_WHAT THE TASK ASKS:_
Below are some entries. Copy each line that holds the string "pixel".

[Records excerpted from a collection]
-- -- --

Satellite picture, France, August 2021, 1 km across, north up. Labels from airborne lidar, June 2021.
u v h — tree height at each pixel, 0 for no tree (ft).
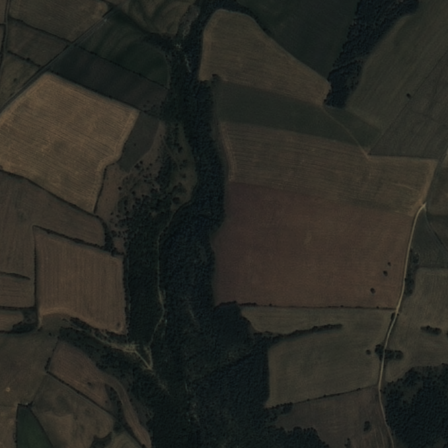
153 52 0
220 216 19
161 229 24
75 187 0
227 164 0
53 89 0
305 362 0
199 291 23
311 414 0
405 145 0
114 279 0
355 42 28
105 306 0
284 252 0
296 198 0
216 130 0
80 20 0
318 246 0
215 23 0
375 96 0
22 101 0
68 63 0
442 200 0
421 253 0
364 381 0
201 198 23
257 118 0
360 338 0
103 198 0
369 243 0
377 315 0
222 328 28
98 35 0
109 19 0
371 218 0
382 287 0
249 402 20
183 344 22
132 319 29
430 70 0
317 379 0
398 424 23
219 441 20
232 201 0
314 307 0
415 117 0
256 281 0
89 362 0
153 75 0
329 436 0
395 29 0
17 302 0
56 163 0
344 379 0
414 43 0
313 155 0
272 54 0
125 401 0
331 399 0
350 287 0
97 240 0
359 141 0
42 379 0
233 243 0
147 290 29
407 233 0
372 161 0
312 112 0
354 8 0
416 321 0
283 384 0
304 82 0
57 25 0
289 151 0
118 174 0
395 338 0
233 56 0
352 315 0
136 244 37
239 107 0
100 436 0
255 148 0
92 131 0
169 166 23
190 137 24
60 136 0
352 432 0
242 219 0
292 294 0
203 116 25
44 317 0
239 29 0
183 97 24
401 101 0
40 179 0
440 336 0
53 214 0
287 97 0
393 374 0
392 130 0
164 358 23
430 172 0
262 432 22
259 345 38
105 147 0
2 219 0
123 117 0
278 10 0
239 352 26
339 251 0
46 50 0
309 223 0
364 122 0
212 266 23
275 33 0
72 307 0
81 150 0
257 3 0
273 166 0
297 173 0
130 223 24
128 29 0
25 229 0
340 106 33
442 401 31
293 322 0
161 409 26
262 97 0
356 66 30
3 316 0
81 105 0
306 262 0
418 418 35
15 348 0
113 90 0
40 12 0
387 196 0
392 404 20
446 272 0
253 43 0
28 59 26
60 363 0
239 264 0
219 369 23
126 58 0
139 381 24
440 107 0
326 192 0
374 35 24
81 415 0
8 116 0
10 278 0
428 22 0
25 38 0
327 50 0
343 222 0
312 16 0
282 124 0
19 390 0
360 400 0
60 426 0
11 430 0
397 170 0
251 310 0
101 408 0
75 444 0
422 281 0
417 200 0
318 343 0
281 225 0
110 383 0
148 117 0
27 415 0
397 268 0
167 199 27
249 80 0
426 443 30
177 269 25
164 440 24
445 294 0
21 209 0
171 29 0
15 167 0
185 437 27
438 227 0
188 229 28
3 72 0
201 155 36
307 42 0
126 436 0
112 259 0
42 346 0
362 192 0
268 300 0
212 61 0
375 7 32
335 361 0
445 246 0
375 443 0
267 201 0
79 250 0
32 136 0
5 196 0
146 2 0
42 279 0
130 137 0
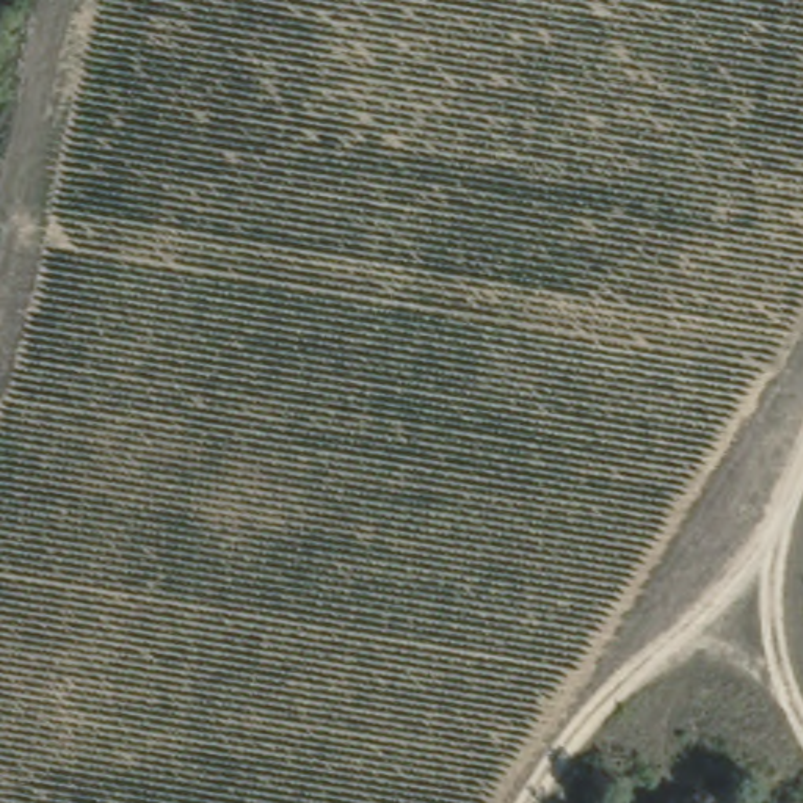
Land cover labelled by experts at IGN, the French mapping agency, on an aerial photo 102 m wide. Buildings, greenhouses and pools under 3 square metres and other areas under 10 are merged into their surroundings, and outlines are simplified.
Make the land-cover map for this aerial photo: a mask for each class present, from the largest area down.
<instances>
[{"label":"vineyard","instance_id":"1","mask_svg":"<svg viewBox=\"0 0 803 803\"><path fill-rule=\"evenodd\" d=\"M47 242L53 245V251L47 257L41 311L35 317H25L22 329L3 336L0 342V803H543L546 797L530 781V775L543 759L549 762L552 753L561 750V731L587 706L593 693L583 687V681L593 674L624 612L634 605L649 571L659 565L671 536L678 533L687 508L699 499L712 471L734 442L737 430L756 411L762 389L768 386V380H775L768 361L778 351L781 332L790 329L803 298V0H97V19L91 28L85 82L78 91V119L72 132L60 210L53 220H47Z\"/></svg>","mask_w":803,"mask_h":803},{"label":"herbaceous vegetation","instance_id":"2","mask_svg":"<svg viewBox=\"0 0 803 803\"><path fill-rule=\"evenodd\" d=\"M97 19V0H38L22 25L25 50L19 60V91H9V97H16L13 135L0 157V342L3 336L22 329L25 317H35L41 311L47 257L53 251V245L47 242V220H53L60 210L72 132L78 119V91L85 82L91 28ZM775 380H768V386L762 389L756 411L737 430L734 442L712 471L699 499L687 508L678 533L671 536L659 565L649 571L634 605L624 612L593 674L583 681V687L593 693L634 652L652 643L659 634H665L725 574V565L762 524L765 505L772 502V489L803 427V298L790 329L781 332L778 351L768 361ZM784 627L790 665L803 693V502L794 518L784 571ZM706 634H712L706 649H696L684 662H674L652 681H646L640 690H634L627 699H621L593 737L599 743H624L637 750L643 762L668 765L687 747L728 753L756 781L765 800L781 781L803 772V750L778 699L772 696L759 630V583H747L743 596L731 602V609L721 618L703 627Z\"/></svg>","mask_w":803,"mask_h":803},{"label":"pervious surface","instance_id":"3","mask_svg":"<svg viewBox=\"0 0 803 803\"><path fill-rule=\"evenodd\" d=\"M803 502V427L772 489V502L765 505L762 524L725 565V574L665 634H659L652 643L634 652L593 693L587 706L561 731V750L552 753L549 762L543 759L530 775V781L546 797L555 787L552 762L565 753H580L593 737L621 699H627L634 690H640L646 681H652L674 662H684L696 649H706L712 634H706L703 627L721 618L731 609V602L743 596L747 583H759V630L772 696L778 699L803 750V693L790 665L784 627V571L794 518Z\"/></svg>","mask_w":803,"mask_h":803},{"label":"coniferous trees","instance_id":"4","mask_svg":"<svg viewBox=\"0 0 803 803\"><path fill-rule=\"evenodd\" d=\"M555 787L546 797L543 803H803V772L781 781L765 800L756 781L728 753L687 747L668 765L643 762L637 750L624 743H599L593 737L580 753H565L552 762Z\"/></svg>","mask_w":803,"mask_h":803},{"label":"deciduous trees","instance_id":"5","mask_svg":"<svg viewBox=\"0 0 803 803\"><path fill-rule=\"evenodd\" d=\"M38 0H0V157L13 135L16 97H9V91H19V60L25 50L22 25Z\"/></svg>","mask_w":803,"mask_h":803}]
</instances>
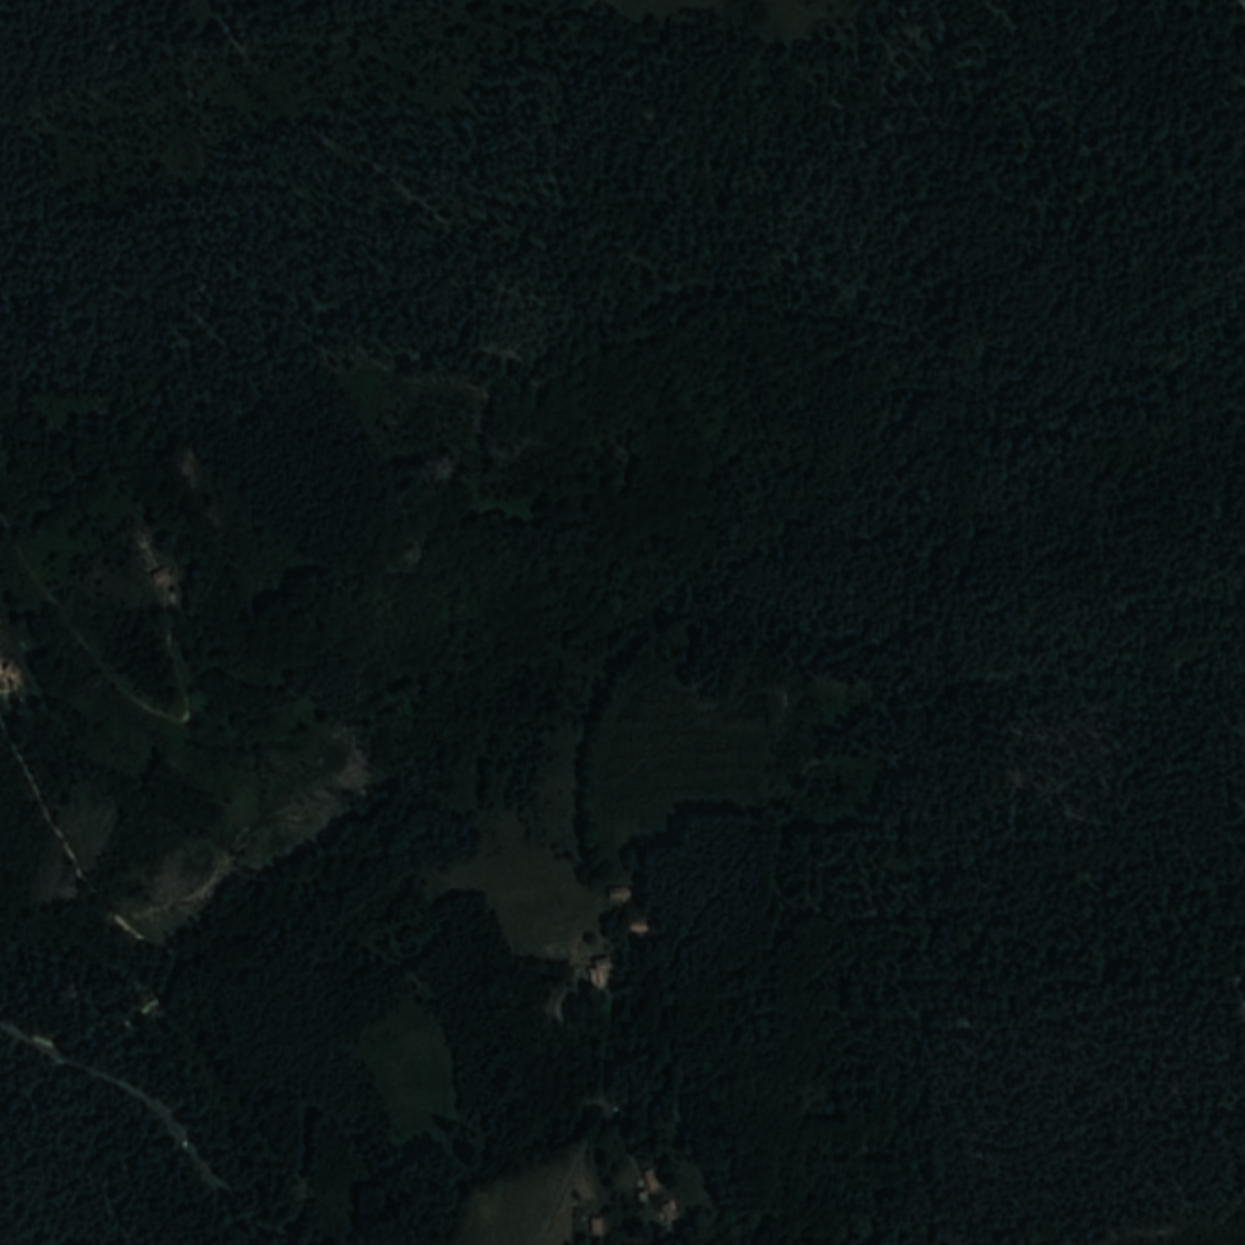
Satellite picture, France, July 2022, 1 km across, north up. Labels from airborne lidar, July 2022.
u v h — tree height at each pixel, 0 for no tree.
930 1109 22
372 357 15
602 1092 19
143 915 0
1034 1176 22
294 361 19
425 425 7
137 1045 25
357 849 22
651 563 15
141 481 23
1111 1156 22
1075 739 24
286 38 14
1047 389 23
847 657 16
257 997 24
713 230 24
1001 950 23
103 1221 25
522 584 21
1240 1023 22
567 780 0
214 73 14
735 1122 26
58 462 16
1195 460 22
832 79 11
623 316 21
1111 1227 22
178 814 19
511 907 0
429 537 15
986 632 18
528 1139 8
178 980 24
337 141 18
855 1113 23
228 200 20
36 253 22
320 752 0
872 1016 20
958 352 25
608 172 22
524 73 25
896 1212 25
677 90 20
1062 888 25
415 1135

-- -- --

_RESULT OF THIS TASK:_
u v h — tree height at each pixel, 0 for no tree (ft).
u v h — tree height at each pixel, 0 for no tree.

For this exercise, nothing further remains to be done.